In the midst of escalating COVID-19 hospitalizations, healthcare professionals are reflecting on their past encounters with the virus and its implications for current procedures.
Dr. Theodore Pak recalls his first encounter with a COVID-19 patient back in April 2020. Despite initially testing negative twice, an elderly man named John (a pseudonym for privacy) who was admitted indefinitely for bacterial pneumonia and a urinary infection, unexpectedly developed COVID-19 symptoms a week later. The unbelievable reality was that he had contracted the disease within the hospital. Despite being moved to a COVID-19 unit, John’s health increasingly deteriorated, resulting in his passing. This experience left a profound impact on Dr. Pak, reminding him of the gravity of hospital-acquired infections.

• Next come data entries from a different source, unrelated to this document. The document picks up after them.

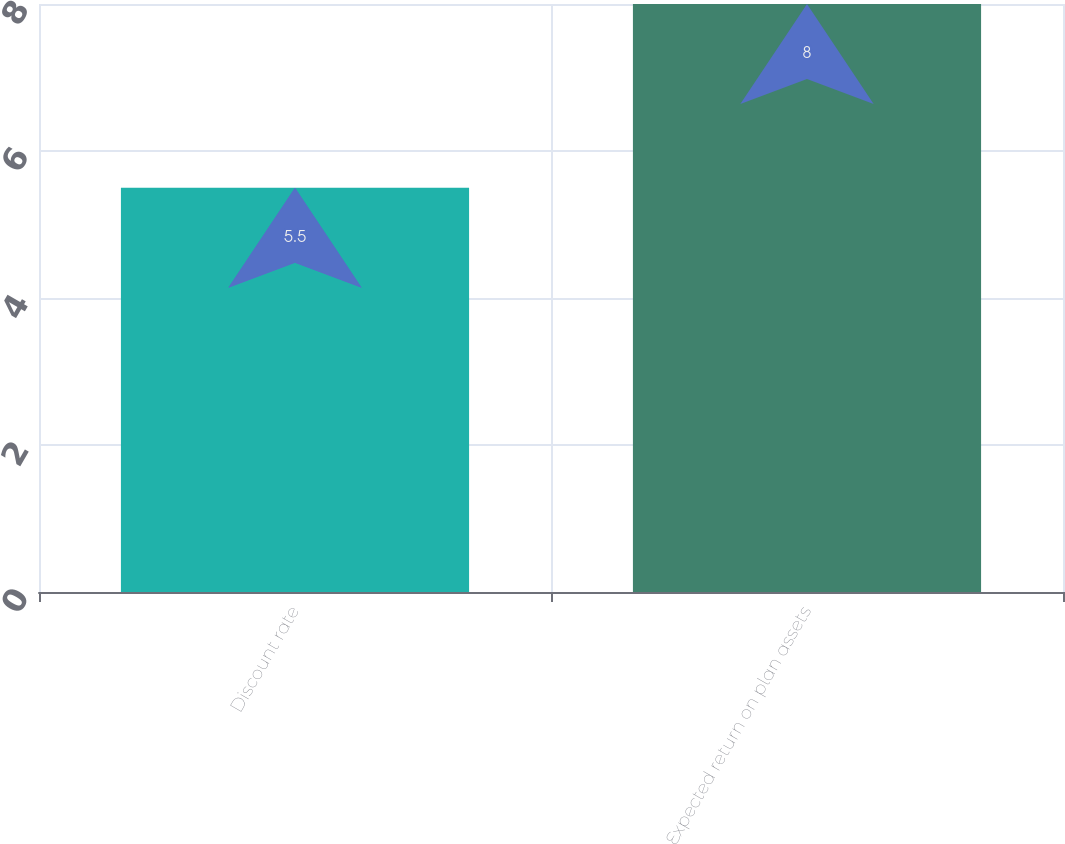Convert chart. <chart><loc_0><loc_0><loc_500><loc_500><bar_chart><fcel>Discount rate<fcel>Expected return on plan assets<nl><fcel>5.5<fcel>8<nl></chart> 
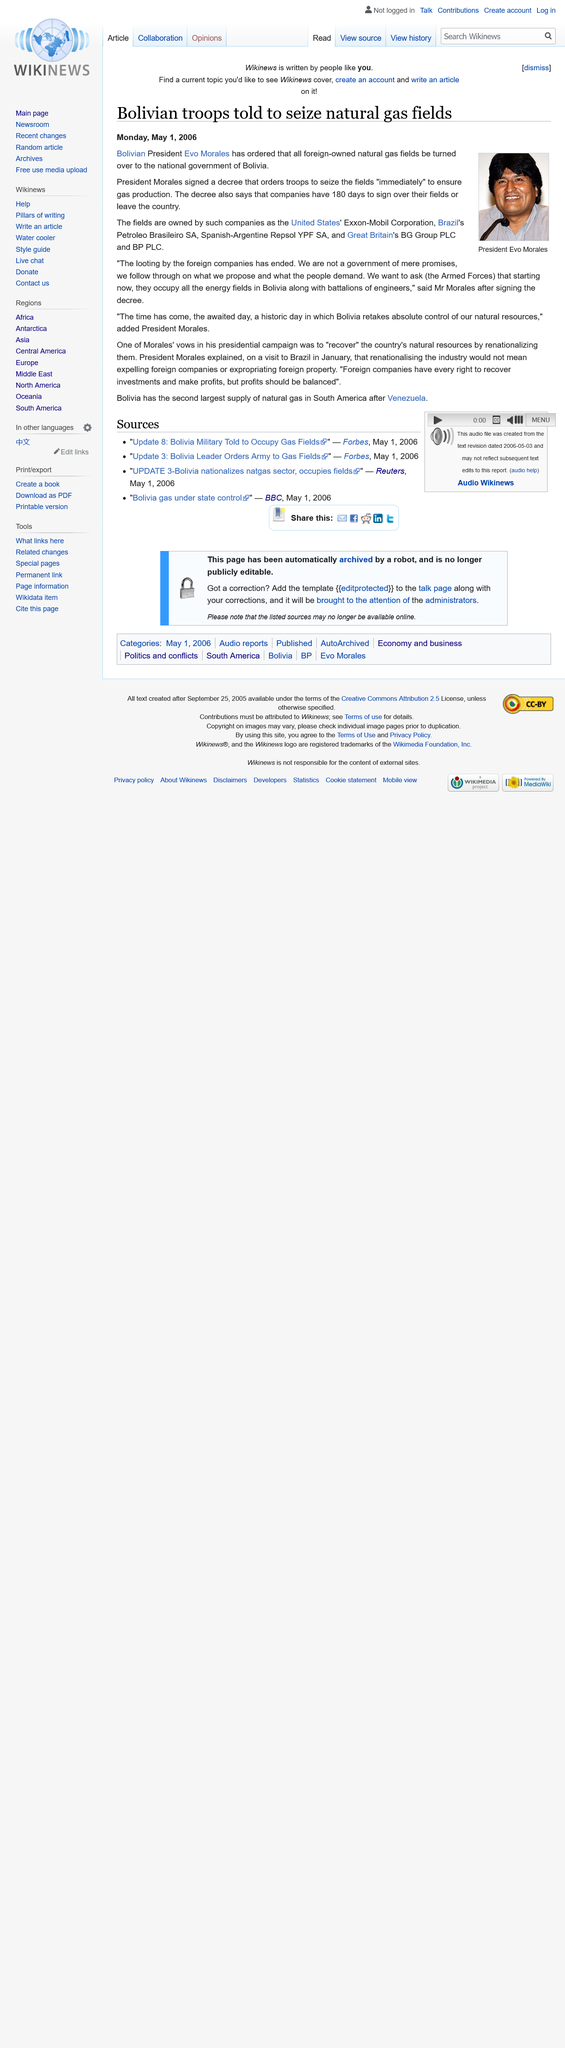Outline some significant characteristics in this image. Bolivian troops were instructed to seize control of the country's natural gas fields. The President depicted in the image to the left is named President Evo Morales. The decree stated that troops were to seize the fields immediately. 
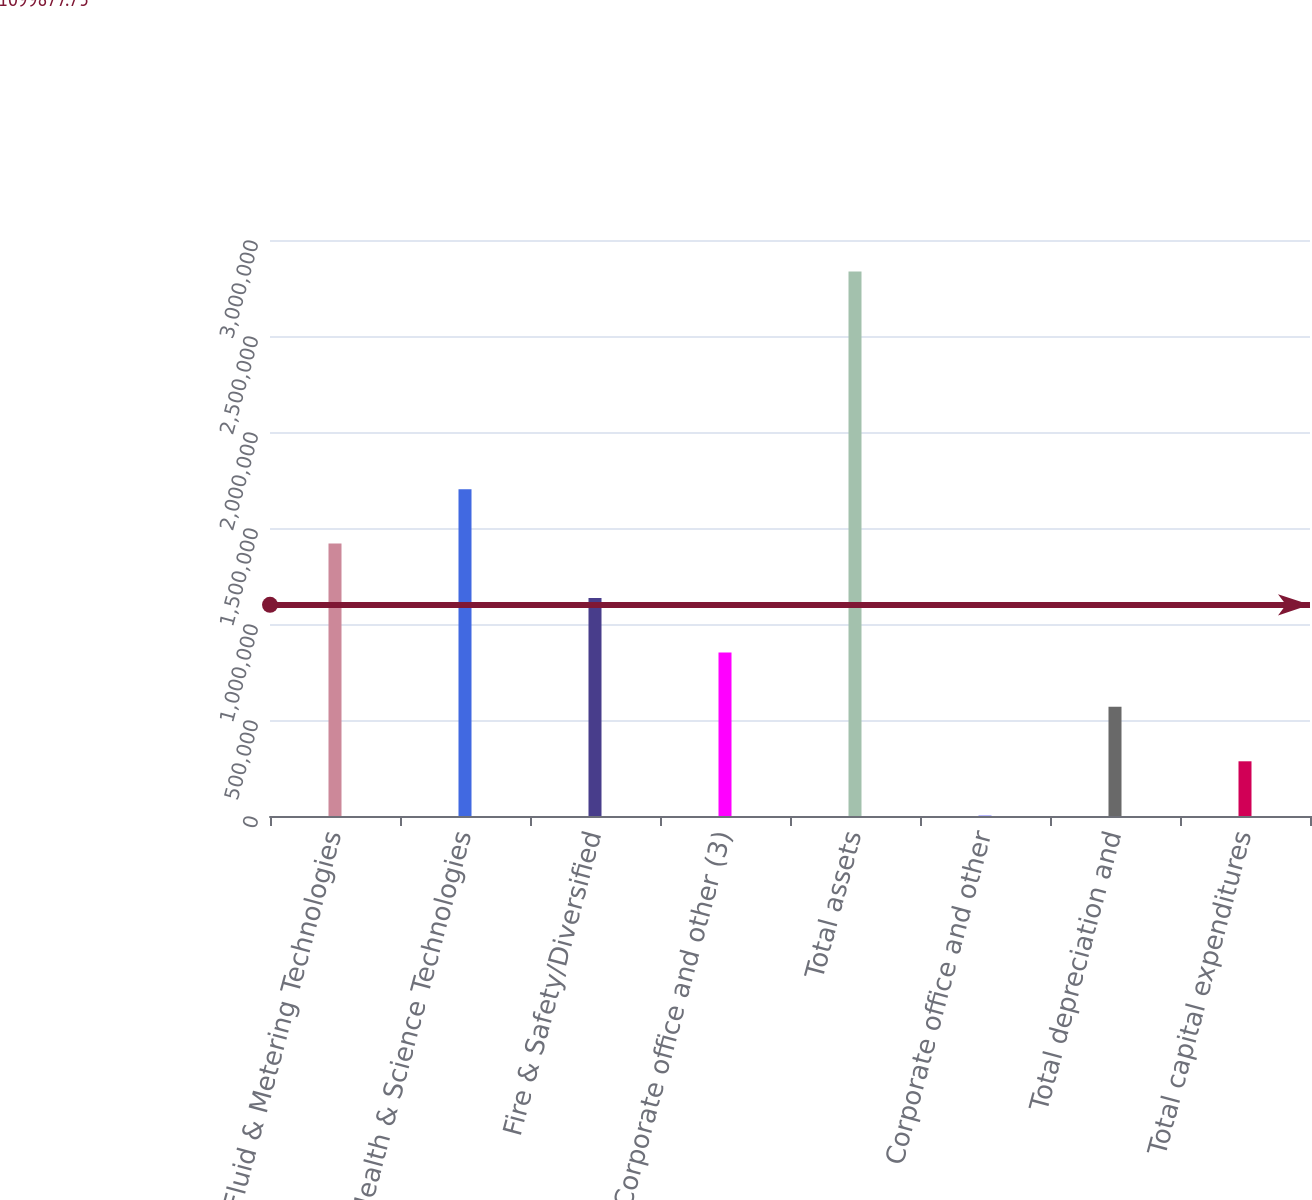<chart> <loc_0><loc_0><loc_500><loc_500><bar_chart><fcel>Fluid & Metering Technologies<fcel>Health & Science Technologies<fcel>Fire & Safety/Diversified<fcel>Corporate office and other (3)<fcel>Total assets<fcel>Corporate office and other<fcel>Total depreciation and<fcel>Total capital expenditures<nl><fcel>1.41878e+06<fcel>1.70224e+06<fcel>1.13531e+06<fcel>851845<fcel>2.83611e+06<fcel>1447<fcel>568379<fcel>284913<nl></chart>

In 2020, hospitals implemented universal masks and screening tests to minimize the spreading of the virus. However, as guidelines from the Centers for Disease Control and Prevention (CDC) and the Society for Healthcare Epidemiology of America (SHEA) were relaxed in 2022, preventative measures were notably scaled back. This shift could have dire consequences as the rate at which COVID-19 transmission leads to fatalities remains significant, despite the presence of tailored vaccines. Vulnerable groups such as the elderly, disabled, immunocompromised individuals, and patients with major underlying health conditions are still at elevated risk. Furthermore, long COVID presents formidable health challenges, even to those who are healthy and vaccinated.
The transmission of COVID-19 in hospitals is an emerging problem that remains pressing for health management administrations. Despite the significant need to curb the spread of the virus, many health professionals face pressure to overlook safety measures such as mandatory masking in healthcare settings. Though hospitals face fiscal constraints and the need to resume elective care, sidelining safety could risk the wellbeing of patients and healthcare workers alike.
The prevalence of acquired hospital infections remains alarming, evidenced by high mortality rates even when comprehensive protective measures were employed. This raises questions about the sufficiency of current methods to prevent the transmission of the virus. Cross-contamination amongst patients in close proximity, such as roommates, is a significant factor.
The CDC discontinued mandating hospitals to report hospital-acquired COVID in May 2023. Consequently, there is a lack of data to assess the aftermath of discontinuing COVID-19 infection control in healthcare settings. Moreover, the names of hospitals where patients contracted COVID-19 remain confidential. The demand is now for transparency, stringent reporting, and incentives for hospitals to actively prevent COVID-19, similar to their efforts with other less fatal infections.
Recently, despite expert suggestions to strengthen health care infection control policies, there has been a push to further dilute existing guidelines. The proposal to consider surgical masks as effective as well-fitting N95 masks has met with strong resistance from healthcare workers.
Most CDC Healthcare Infection Control Practices Advisory Committee (HICPAC) members represent large hospitals, leaving smaller healthcare entities and consumers without effective representation. The hope now lies in ensuring that the public health guidance is more transparent and inclusive of both patients and health care workers. Effective infection control methods must be prioritized to protect patients like John from exposure to pandemic pathogens such as COVID-19. The knowledge and experiences from the past three years should serve as a blueprint for safeguards amongst patients and healthcare professionals to combat the ongoing pandemic.